___ DATA EXTRACTS

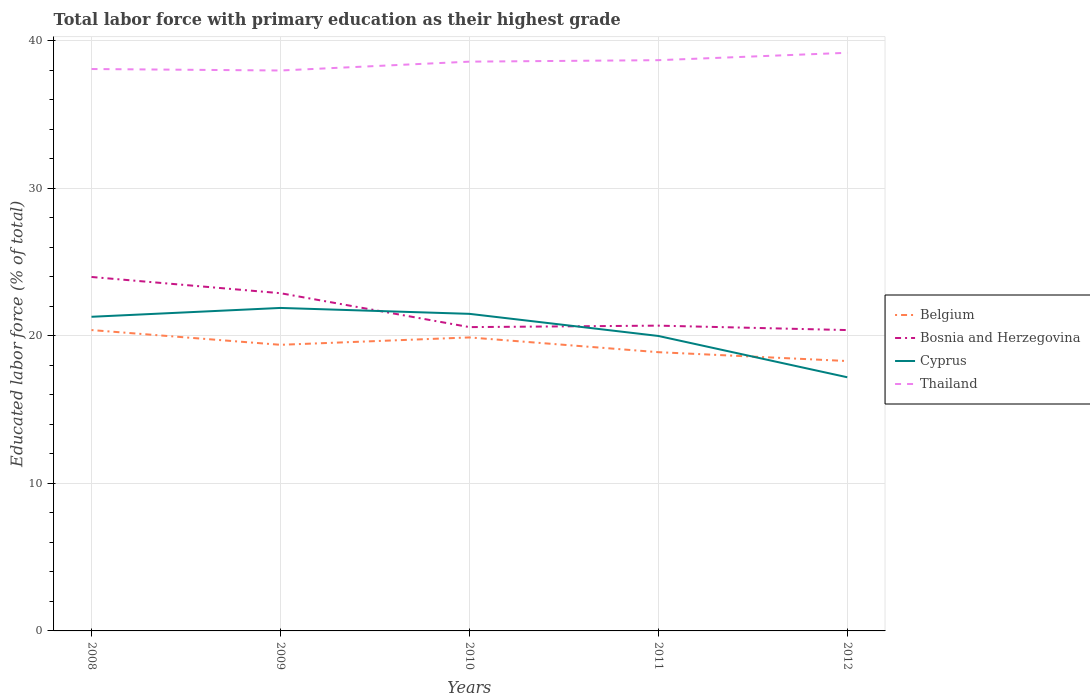Across all years, what is the maximum percentage of total labor force with primary education in Bosnia and Herzegovina?
Keep it short and to the point. 20.4. In which year was the percentage of total labor force with primary education in Thailand maximum?
Provide a succinct answer. 2009. What is the total percentage of total labor force with primary education in Bosnia and Herzegovina in the graph?
Make the answer very short. 1.1. What is the difference between the highest and the second highest percentage of total labor force with primary education in Belgium?
Provide a short and direct response. 2.1. Is the percentage of total labor force with primary education in Cyprus strictly greater than the percentage of total labor force with primary education in Belgium over the years?
Provide a succinct answer. No. How many lines are there?
Provide a succinct answer. 4. Does the graph contain grids?
Your answer should be compact. Yes. Where does the legend appear in the graph?
Provide a succinct answer. Center right. How many legend labels are there?
Your response must be concise. 4. How are the legend labels stacked?
Provide a short and direct response. Vertical. What is the title of the graph?
Offer a very short reply. Total labor force with primary education as their highest grade. What is the label or title of the Y-axis?
Your answer should be compact. Educated labor force (% of total). What is the Educated labor force (% of total) of Belgium in 2008?
Keep it short and to the point. 20.4. What is the Educated labor force (% of total) in Cyprus in 2008?
Keep it short and to the point. 21.3. What is the Educated labor force (% of total) of Thailand in 2008?
Your answer should be very brief. 38.1. What is the Educated labor force (% of total) of Belgium in 2009?
Your answer should be compact. 19.4. What is the Educated labor force (% of total) in Bosnia and Herzegovina in 2009?
Ensure brevity in your answer.  22.9. What is the Educated labor force (% of total) of Cyprus in 2009?
Ensure brevity in your answer.  21.9. What is the Educated labor force (% of total) of Belgium in 2010?
Ensure brevity in your answer.  19.9. What is the Educated labor force (% of total) in Bosnia and Herzegovina in 2010?
Make the answer very short. 20.6. What is the Educated labor force (% of total) in Cyprus in 2010?
Provide a short and direct response. 21.5. What is the Educated labor force (% of total) of Thailand in 2010?
Offer a very short reply. 38.6. What is the Educated labor force (% of total) of Belgium in 2011?
Offer a terse response. 18.9. What is the Educated labor force (% of total) in Bosnia and Herzegovina in 2011?
Ensure brevity in your answer.  20.7. What is the Educated labor force (% of total) of Thailand in 2011?
Offer a terse response. 38.7. What is the Educated labor force (% of total) of Belgium in 2012?
Offer a very short reply. 18.3. What is the Educated labor force (% of total) of Bosnia and Herzegovina in 2012?
Your answer should be compact. 20.4. What is the Educated labor force (% of total) of Cyprus in 2012?
Offer a very short reply. 17.2. What is the Educated labor force (% of total) of Thailand in 2012?
Your answer should be very brief. 39.2. Across all years, what is the maximum Educated labor force (% of total) of Belgium?
Offer a very short reply. 20.4. Across all years, what is the maximum Educated labor force (% of total) of Cyprus?
Keep it short and to the point. 21.9. Across all years, what is the maximum Educated labor force (% of total) in Thailand?
Provide a succinct answer. 39.2. Across all years, what is the minimum Educated labor force (% of total) of Belgium?
Offer a very short reply. 18.3. Across all years, what is the minimum Educated labor force (% of total) in Bosnia and Herzegovina?
Provide a succinct answer. 20.4. Across all years, what is the minimum Educated labor force (% of total) in Cyprus?
Give a very brief answer. 17.2. Across all years, what is the minimum Educated labor force (% of total) of Thailand?
Provide a short and direct response. 38. What is the total Educated labor force (% of total) in Belgium in the graph?
Provide a succinct answer. 96.9. What is the total Educated labor force (% of total) of Bosnia and Herzegovina in the graph?
Provide a succinct answer. 108.6. What is the total Educated labor force (% of total) in Cyprus in the graph?
Make the answer very short. 101.9. What is the total Educated labor force (% of total) in Thailand in the graph?
Keep it short and to the point. 192.6. What is the difference between the Educated labor force (% of total) in Belgium in 2008 and that in 2009?
Your answer should be compact. 1. What is the difference between the Educated labor force (% of total) of Cyprus in 2008 and that in 2009?
Your answer should be compact. -0.6. What is the difference between the Educated labor force (% of total) of Bosnia and Herzegovina in 2008 and that in 2011?
Provide a short and direct response. 3.3. What is the difference between the Educated labor force (% of total) in Cyprus in 2008 and that in 2011?
Offer a terse response. 1.3. What is the difference between the Educated labor force (% of total) in Thailand in 2008 and that in 2011?
Keep it short and to the point. -0.6. What is the difference between the Educated labor force (% of total) of Belgium in 2009 and that in 2010?
Ensure brevity in your answer.  -0.5. What is the difference between the Educated labor force (% of total) of Bosnia and Herzegovina in 2009 and that in 2010?
Make the answer very short. 2.3. What is the difference between the Educated labor force (% of total) of Thailand in 2009 and that in 2010?
Offer a very short reply. -0.6. What is the difference between the Educated labor force (% of total) of Belgium in 2009 and that in 2011?
Keep it short and to the point. 0.5. What is the difference between the Educated labor force (% of total) of Bosnia and Herzegovina in 2009 and that in 2011?
Offer a very short reply. 2.2. What is the difference between the Educated labor force (% of total) of Cyprus in 2009 and that in 2011?
Ensure brevity in your answer.  1.9. What is the difference between the Educated labor force (% of total) in Thailand in 2009 and that in 2011?
Provide a short and direct response. -0.7. What is the difference between the Educated labor force (% of total) in Belgium in 2009 and that in 2012?
Give a very brief answer. 1.1. What is the difference between the Educated labor force (% of total) in Belgium in 2010 and that in 2011?
Your answer should be very brief. 1. What is the difference between the Educated labor force (% of total) of Thailand in 2010 and that in 2011?
Offer a terse response. -0.1. What is the difference between the Educated labor force (% of total) of Belgium in 2010 and that in 2012?
Provide a short and direct response. 1.6. What is the difference between the Educated labor force (% of total) in Cyprus in 2010 and that in 2012?
Provide a short and direct response. 4.3. What is the difference between the Educated labor force (% of total) of Thailand in 2010 and that in 2012?
Give a very brief answer. -0.6. What is the difference between the Educated labor force (% of total) of Bosnia and Herzegovina in 2011 and that in 2012?
Offer a terse response. 0.3. What is the difference between the Educated labor force (% of total) of Cyprus in 2011 and that in 2012?
Your answer should be very brief. 2.8. What is the difference between the Educated labor force (% of total) in Belgium in 2008 and the Educated labor force (% of total) in Cyprus in 2009?
Offer a terse response. -1.5. What is the difference between the Educated labor force (% of total) in Belgium in 2008 and the Educated labor force (% of total) in Thailand in 2009?
Your answer should be very brief. -17.6. What is the difference between the Educated labor force (% of total) in Bosnia and Herzegovina in 2008 and the Educated labor force (% of total) in Cyprus in 2009?
Provide a succinct answer. 2.1. What is the difference between the Educated labor force (% of total) in Bosnia and Herzegovina in 2008 and the Educated labor force (% of total) in Thailand in 2009?
Make the answer very short. -14. What is the difference between the Educated labor force (% of total) of Cyprus in 2008 and the Educated labor force (% of total) of Thailand in 2009?
Your answer should be compact. -16.7. What is the difference between the Educated labor force (% of total) of Belgium in 2008 and the Educated labor force (% of total) of Bosnia and Herzegovina in 2010?
Your response must be concise. -0.2. What is the difference between the Educated labor force (% of total) of Belgium in 2008 and the Educated labor force (% of total) of Thailand in 2010?
Your answer should be compact. -18.2. What is the difference between the Educated labor force (% of total) of Bosnia and Herzegovina in 2008 and the Educated labor force (% of total) of Thailand in 2010?
Provide a succinct answer. -14.6. What is the difference between the Educated labor force (% of total) of Cyprus in 2008 and the Educated labor force (% of total) of Thailand in 2010?
Offer a terse response. -17.3. What is the difference between the Educated labor force (% of total) of Belgium in 2008 and the Educated labor force (% of total) of Bosnia and Herzegovina in 2011?
Offer a terse response. -0.3. What is the difference between the Educated labor force (% of total) in Belgium in 2008 and the Educated labor force (% of total) in Thailand in 2011?
Offer a terse response. -18.3. What is the difference between the Educated labor force (% of total) in Bosnia and Herzegovina in 2008 and the Educated labor force (% of total) in Cyprus in 2011?
Give a very brief answer. 4. What is the difference between the Educated labor force (% of total) of Bosnia and Herzegovina in 2008 and the Educated labor force (% of total) of Thailand in 2011?
Give a very brief answer. -14.7. What is the difference between the Educated labor force (% of total) in Cyprus in 2008 and the Educated labor force (% of total) in Thailand in 2011?
Give a very brief answer. -17.4. What is the difference between the Educated labor force (% of total) in Belgium in 2008 and the Educated labor force (% of total) in Bosnia and Herzegovina in 2012?
Offer a very short reply. 0. What is the difference between the Educated labor force (% of total) in Belgium in 2008 and the Educated labor force (% of total) in Thailand in 2012?
Your answer should be very brief. -18.8. What is the difference between the Educated labor force (% of total) in Bosnia and Herzegovina in 2008 and the Educated labor force (% of total) in Cyprus in 2012?
Keep it short and to the point. 6.8. What is the difference between the Educated labor force (% of total) in Bosnia and Herzegovina in 2008 and the Educated labor force (% of total) in Thailand in 2012?
Give a very brief answer. -15.2. What is the difference between the Educated labor force (% of total) of Cyprus in 2008 and the Educated labor force (% of total) of Thailand in 2012?
Offer a terse response. -17.9. What is the difference between the Educated labor force (% of total) in Belgium in 2009 and the Educated labor force (% of total) in Cyprus in 2010?
Your response must be concise. -2.1. What is the difference between the Educated labor force (% of total) in Belgium in 2009 and the Educated labor force (% of total) in Thailand in 2010?
Provide a succinct answer. -19.2. What is the difference between the Educated labor force (% of total) in Bosnia and Herzegovina in 2009 and the Educated labor force (% of total) in Cyprus in 2010?
Give a very brief answer. 1.4. What is the difference between the Educated labor force (% of total) of Bosnia and Herzegovina in 2009 and the Educated labor force (% of total) of Thailand in 2010?
Offer a very short reply. -15.7. What is the difference between the Educated labor force (% of total) of Cyprus in 2009 and the Educated labor force (% of total) of Thailand in 2010?
Provide a short and direct response. -16.7. What is the difference between the Educated labor force (% of total) of Belgium in 2009 and the Educated labor force (% of total) of Cyprus in 2011?
Offer a terse response. -0.6. What is the difference between the Educated labor force (% of total) of Belgium in 2009 and the Educated labor force (% of total) of Thailand in 2011?
Make the answer very short. -19.3. What is the difference between the Educated labor force (% of total) of Bosnia and Herzegovina in 2009 and the Educated labor force (% of total) of Thailand in 2011?
Give a very brief answer. -15.8. What is the difference between the Educated labor force (% of total) in Cyprus in 2009 and the Educated labor force (% of total) in Thailand in 2011?
Keep it short and to the point. -16.8. What is the difference between the Educated labor force (% of total) of Belgium in 2009 and the Educated labor force (% of total) of Bosnia and Herzegovina in 2012?
Give a very brief answer. -1. What is the difference between the Educated labor force (% of total) of Belgium in 2009 and the Educated labor force (% of total) of Cyprus in 2012?
Your answer should be very brief. 2.2. What is the difference between the Educated labor force (% of total) of Belgium in 2009 and the Educated labor force (% of total) of Thailand in 2012?
Your answer should be compact. -19.8. What is the difference between the Educated labor force (% of total) in Bosnia and Herzegovina in 2009 and the Educated labor force (% of total) in Thailand in 2012?
Keep it short and to the point. -16.3. What is the difference between the Educated labor force (% of total) of Cyprus in 2009 and the Educated labor force (% of total) of Thailand in 2012?
Offer a terse response. -17.3. What is the difference between the Educated labor force (% of total) of Belgium in 2010 and the Educated labor force (% of total) of Thailand in 2011?
Make the answer very short. -18.8. What is the difference between the Educated labor force (% of total) in Bosnia and Herzegovina in 2010 and the Educated labor force (% of total) in Cyprus in 2011?
Provide a short and direct response. 0.6. What is the difference between the Educated labor force (% of total) in Bosnia and Herzegovina in 2010 and the Educated labor force (% of total) in Thailand in 2011?
Offer a very short reply. -18.1. What is the difference between the Educated labor force (% of total) of Cyprus in 2010 and the Educated labor force (% of total) of Thailand in 2011?
Your answer should be compact. -17.2. What is the difference between the Educated labor force (% of total) in Belgium in 2010 and the Educated labor force (% of total) in Cyprus in 2012?
Provide a short and direct response. 2.7. What is the difference between the Educated labor force (% of total) of Belgium in 2010 and the Educated labor force (% of total) of Thailand in 2012?
Keep it short and to the point. -19.3. What is the difference between the Educated labor force (% of total) in Bosnia and Herzegovina in 2010 and the Educated labor force (% of total) in Thailand in 2012?
Your response must be concise. -18.6. What is the difference between the Educated labor force (% of total) in Cyprus in 2010 and the Educated labor force (% of total) in Thailand in 2012?
Your response must be concise. -17.7. What is the difference between the Educated labor force (% of total) of Belgium in 2011 and the Educated labor force (% of total) of Thailand in 2012?
Provide a succinct answer. -20.3. What is the difference between the Educated labor force (% of total) of Bosnia and Herzegovina in 2011 and the Educated labor force (% of total) of Cyprus in 2012?
Provide a short and direct response. 3.5. What is the difference between the Educated labor force (% of total) in Bosnia and Herzegovina in 2011 and the Educated labor force (% of total) in Thailand in 2012?
Ensure brevity in your answer.  -18.5. What is the difference between the Educated labor force (% of total) of Cyprus in 2011 and the Educated labor force (% of total) of Thailand in 2012?
Your answer should be compact. -19.2. What is the average Educated labor force (% of total) of Belgium per year?
Provide a short and direct response. 19.38. What is the average Educated labor force (% of total) of Bosnia and Herzegovina per year?
Your answer should be very brief. 21.72. What is the average Educated labor force (% of total) in Cyprus per year?
Ensure brevity in your answer.  20.38. What is the average Educated labor force (% of total) of Thailand per year?
Make the answer very short. 38.52. In the year 2008, what is the difference between the Educated labor force (% of total) of Belgium and Educated labor force (% of total) of Bosnia and Herzegovina?
Offer a terse response. -3.6. In the year 2008, what is the difference between the Educated labor force (% of total) of Belgium and Educated labor force (% of total) of Cyprus?
Provide a succinct answer. -0.9. In the year 2008, what is the difference between the Educated labor force (% of total) of Belgium and Educated labor force (% of total) of Thailand?
Offer a very short reply. -17.7. In the year 2008, what is the difference between the Educated labor force (% of total) of Bosnia and Herzegovina and Educated labor force (% of total) of Cyprus?
Your answer should be compact. 2.7. In the year 2008, what is the difference between the Educated labor force (% of total) of Bosnia and Herzegovina and Educated labor force (% of total) of Thailand?
Your answer should be very brief. -14.1. In the year 2008, what is the difference between the Educated labor force (% of total) of Cyprus and Educated labor force (% of total) of Thailand?
Provide a short and direct response. -16.8. In the year 2009, what is the difference between the Educated labor force (% of total) in Belgium and Educated labor force (% of total) in Bosnia and Herzegovina?
Offer a very short reply. -3.5. In the year 2009, what is the difference between the Educated labor force (% of total) in Belgium and Educated labor force (% of total) in Cyprus?
Make the answer very short. -2.5. In the year 2009, what is the difference between the Educated labor force (% of total) in Belgium and Educated labor force (% of total) in Thailand?
Provide a short and direct response. -18.6. In the year 2009, what is the difference between the Educated labor force (% of total) in Bosnia and Herzegovina and Educated labor force (% of total) in Thailand?
Give a very brief answer. -15.1. In the year 2009, what is the difference between the Educated labor force (% of total) in Cyprus and Educated labor force (% of total) in Thailand?
Your answer should be compact. -16.1. In the year 2010, what is the difference between the Educated labor force (% of total) of Belgium and Educated labor force (% of total) of Thailand?
Your answer should be compact. -18.7. In the year 2010, what is the difference between the Educated labor force (% of total) of Cyprus and Educated labor force (% of total) of Thailand?
Make the answer very short. -17.1. In the year 2011, what is the difference between the Educated labor force (% of total) of Belgium and Educated labor force (% of total) of Thailand?
Your response must be concise. -19.8. In the year 2011, what is the difference between the Educated labor force (% of total) in Cyprus and Educated labor force (% of total) in Thailand?
Keep it short and to the point. -18.7. In the year 2012, what is the difference between the Educated labor force (% of total) of Belgium and Educated labor force (% of total) of Thailand?
Offer a very short reply. -20.9. In the year 2012, what is the difference between the Educated labor force (% of total) in Bosnia and Herzegovina and Educated labor force (% of total) in Thailand?
Give a very brief answer. -18.8. In the year 2012, what is the difference between the Educated labor force (% of total) in Cyprus and Educated labor force (% of total) in Thailand?
Ensure brevity in your answer.  -22. What is the ratio of the Educated labor force (% of total) in Belgium in 2008 to that in 2009?
Provide a succinct answer. 1.05. What is the ratio of the Educated labor force (% of total) of Bosnia and Herzegovina in 2008 to that in 2009?
Give a very brief answer. 1.05. What is the ratio of the Educated labor force (% of total) in Cyprus in 2008 to that in 2009?
Give a very brief answer. 0.97. What is the ratio of the Educated labor force (% of total) in Thailand in 2008 to that in 2009?
Provide a short and direct response. 1. What is the ratio of the Educated labor force (% of total) of Belgium in 2008 to that in 2010?
Your response must be concise. 1.03. What is the ratio of the Educated labor force (% of total) of Bosnia and Herzegovina in 2008 to that in 2010?
Offer a terse response. 1.17. What is the ratio of the Educated labor force (% of total) in Belgium in 2008 to that in 2011?
Offer a very short reply. 1.08. What is the ratio of the Educated labor force (% of total) of Bosnia and Herzegovina in 2008 to that in 2011?
Keep it short and to the point. 1.16. What is the ratio of the Educated labor force (% of total) in Cyprus in 2008 to that in 2011?
Give a very brief answer. 1.06. What is the ratio of the Educated labor force (% of total) of Thailand in 2008 to that in 2011?
Keep it short and to the point. 0.98. What is the ratio of the Educated labor force (% of total) in Belgium in 2008 to that in 2012?
Your response must be concise. 1.11. What is the ratio of the Educated labor force (% of total) of Bosnia and Herzegovina in 2008 to that in 2012?
Your answer should be very brief. 1.18. What is the ratio of the Educated labor force (% of total) of Cyprus in 2008 to that in 2012?
Offer a very short reply. 1.24. What is the ratio of the Educated labor force (% of total) in Thailand in 2008 to that in 2012?
Ensure brevity in your answer.  0.97. What is the ratio of the Educated labor force (% of total) in Belgium in 2009 to that in 2010?
Give a very brief answer. 0.97. What is the ratio of the Educated labor force (% of total) in Bosnia and Herzegovina in 2009 to that in 2010?
Your answer should be very brief. 1.11. What is the ratio of the Educated labor force (% of total) in Cyprus in 2009 to that in 2010?
Make the answer very short. 1.02. What is the ratio of the Educated labor force (% of total) of Thailand in 2009 to that in 2010?
Ensure brevity in your answer.  0.98. What is the ratio of the Educated labor force (% of total) of Belgium in 2009 to that in 2011?
Make the answer very short. 1.03. What is the ratio of the Educated labor force (% of total) in Bosnia and Herzegovina in 2009 to that in 2011?
Keep it short and to the point. 1.11. What is the ratio of the Educated labor force (% of total) in Cyprus in 2009 to that in 2011?
Keep it short and to the point. 1.09. What is the ratio of the Educated labor force (% of total) of Thailand in 2009 to that in 2011?
Ensure brevity in your answer.  0.98. What is the ratio of the Educated labor force (% of total) of Belgium in 2009 to that in 2012?
Your response must be concise. 1.06. What is the ratio of the Educated labor force (% of total) of Bosnia and Herzegovina in 2009 to that in 2012?
Ensure brevity in your answer.  1.12. What is the ratio of the Educated labor force (% of total) of Cyprus in 2009 to that in 2012?
Your response must be concise. 1.27. What is the ratio of the Educated labor force (% of total) in Thailand in 2009 to that in 2012?
Make the answer very short. 0.97. What is the ratio of the Educated labor force (% of total) of Belgium in 2010 to that in 2011?
Your answer should be very brief. 1.05. What is the ratio of the Educated labor force (% of total) of Cyprus in 2010 to that in 2011?
Your response must be concise. 1.07. What is the ratio of the Educated labor force (% of total) of Belgium in 2010 to that in 2012?
Your answer should be very brief. 1.09. What is the ratio of the Educated labor force (% of total) of Bosnia and Herzegovina in 2010 to that in 2012?
Your answer should be very brief. 1.01. What is the ratio of the Educated labor force (% of total) in Cyprus in 2010 to that in 2012?
Make the answer very short. 1.25. What is the ratio of the Educated labor force (% of total) in Thailand in 2010 to that in 2012?
Keep it short and to the point. 0.98. What is the ratio of the Educated labor force (% of total) in Belgium in 2011 to that in 2012?
Provide a short and direct response. 1.03. What is the ratio of the Educated labor force (% of total) of Bosnia and Herzegovina in 2011 to that in 2012?
Ensure brevity in your answer.  1.01. What is the ratio of the Educated labor force (% of total) of Cyprus in 2011 to that in 2012?
Keep it short and to the point. 1.16. What is the ratio of the Educated labor force (% of total) in Thailand in 2011 to that in 2012?
Provide a succinct answer. 0.99. What is the difference between the highest and the second highest Educated labor force (% of total) of Belgium?
Provide a succinct answer. 0.5. What is the difference between the highest and the lowest Educated labor force (% of total) in Bosnia and Herzegovina?
Your answer should be compact. 3.6. What is the difference between the highest and the lowest Educated labor force (% of total) of Cyprus?
Offer a terse response. 4.7. What is the difference between the highest and the lowest Educated labor force (% of total) of Thailand?
Make the answer very short. 1.2.

______

→ **REQUIRED ACTION**
Only the lines above from the one with "Belgium in 2010?" up to and including the one with "20.7. What is" should be repeated, exactly as written.

→ **ANSWER TO THE PROBLEM**
Ensure brevity in your answer.  21.9. What is the Educated labor force (% of total) of Belgium in 2010?
Ensure brevity in your answer.  19.9. What is the Educated labor force (% of total) in Bosnia and Herzegovina in 2010?
Make the answer very short. 20.6. What is the Educated labor force (% of total) in Cyprus in 2010?
Provide a short and direct response. 21.5. What is the Educated labor force (% of total) of Thailand in 2010?
Offer a very short reply. 38.6. What is the Educated labor force (% of total) of Belgium in 2011?
Offer a terse response. 18.9. What is the Educated labor force (% of total) in Bosnia and Herzegovina in 2011?
Ensure brevity in your answer.  20.7. What is the Educated labor force (% of total) of Thailand in 2011?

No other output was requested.